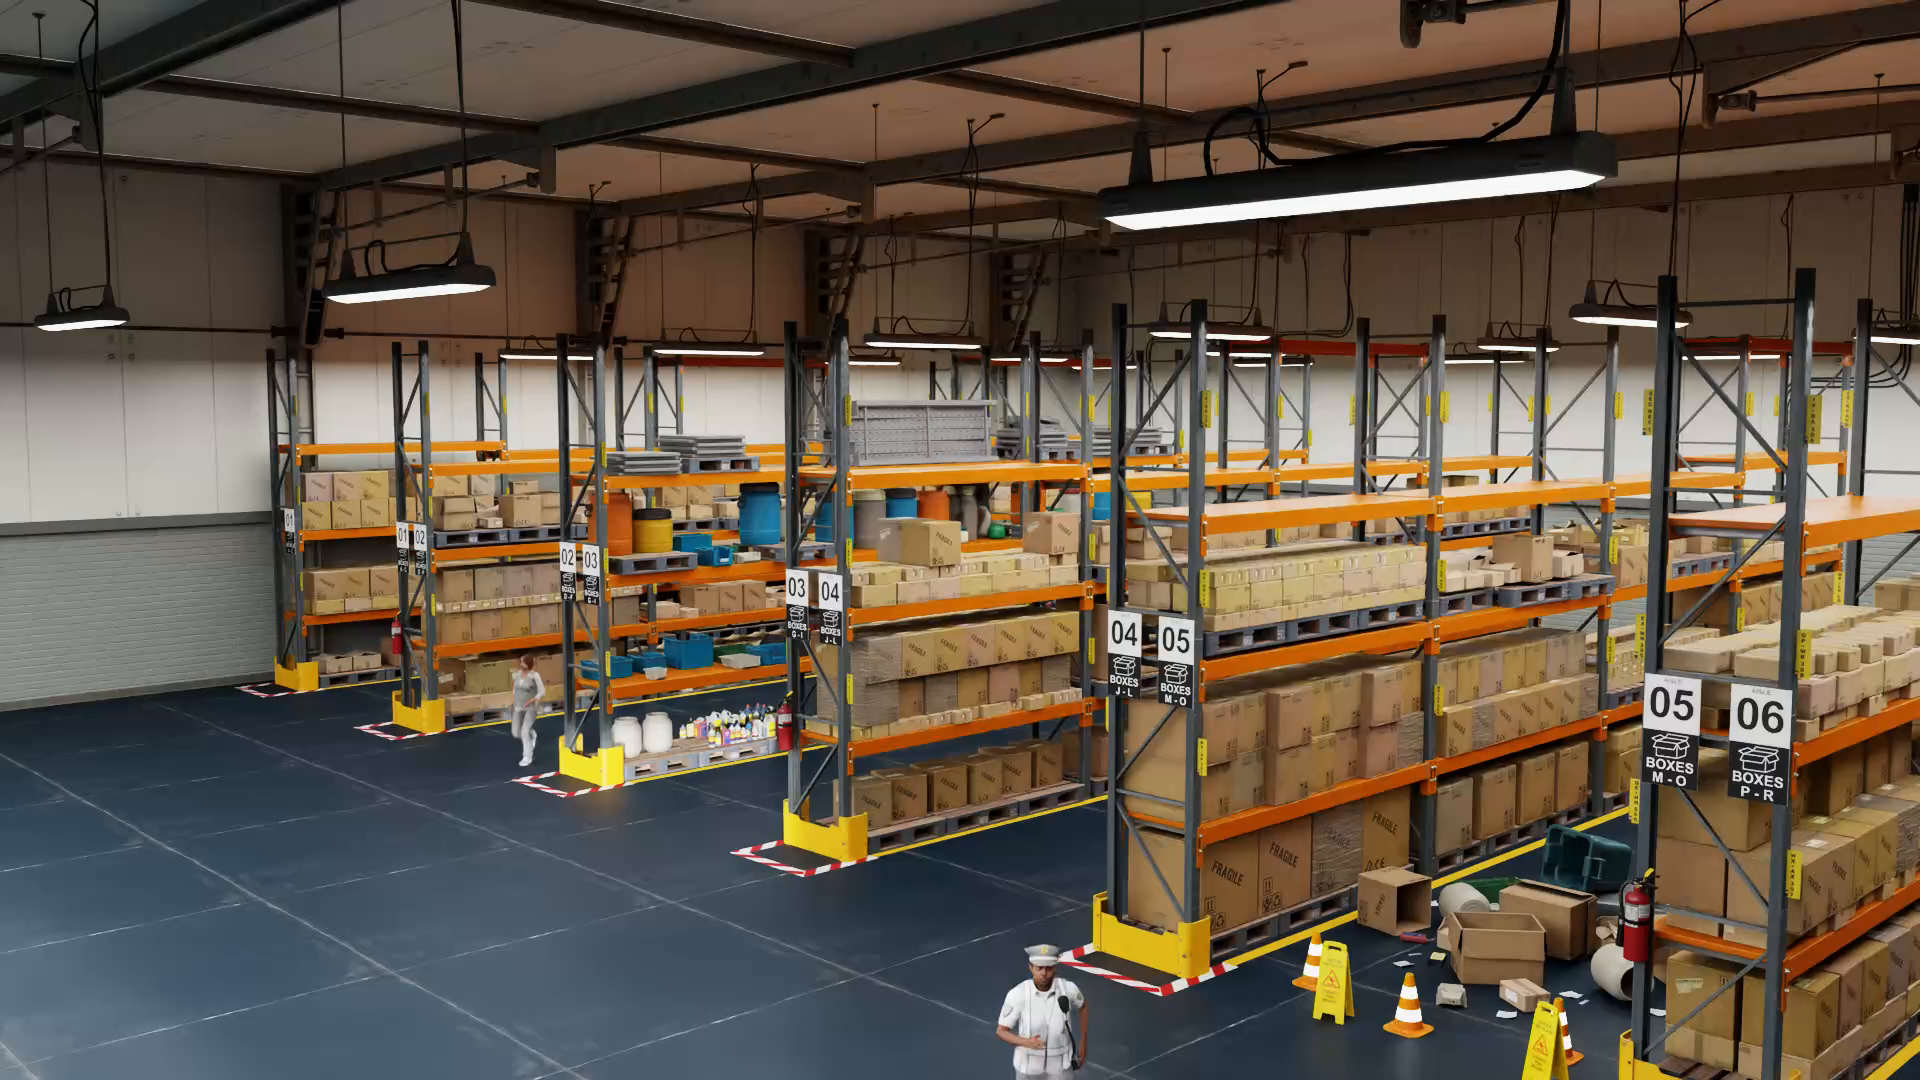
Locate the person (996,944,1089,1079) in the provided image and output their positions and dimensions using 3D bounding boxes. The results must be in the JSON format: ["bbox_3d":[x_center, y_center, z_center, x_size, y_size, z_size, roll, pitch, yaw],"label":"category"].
[{"bbox_3d":[0.529,3.394,10.616,0.603,1.746,0.805,0,5,1],"label":"person"}]

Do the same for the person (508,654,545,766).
[{"bbox_3d":[-6.077,2.391,23.387,0.535,1.536,0.546,2,5,19],"label":"person"}]

YOUR GOAL — A verbatim copy of the listing is required, with all pictures left out.

ANSWER TO THIS EXERCISE —
Locate the person (996,944,1089,1079) in the provided image and output their positions and dimensions using 3D bounding boxes. The results must be in the JSON format: ["bbox_3d":[x_center, y_center, z_center, x_size, y_size, z_size, roll, pitch, yaw],"label":"category"].
[{"bbox_3d":[0.529,3.394,10.616,0.603,1.746,0.805,0,5,1],"label":"person"}]

Do the same for the person (508,654,545,766).
[{"bbox_3d":[-6.077,2.391,23.387,0.535,1.536,0.546,2,5,19],"label":"person"}]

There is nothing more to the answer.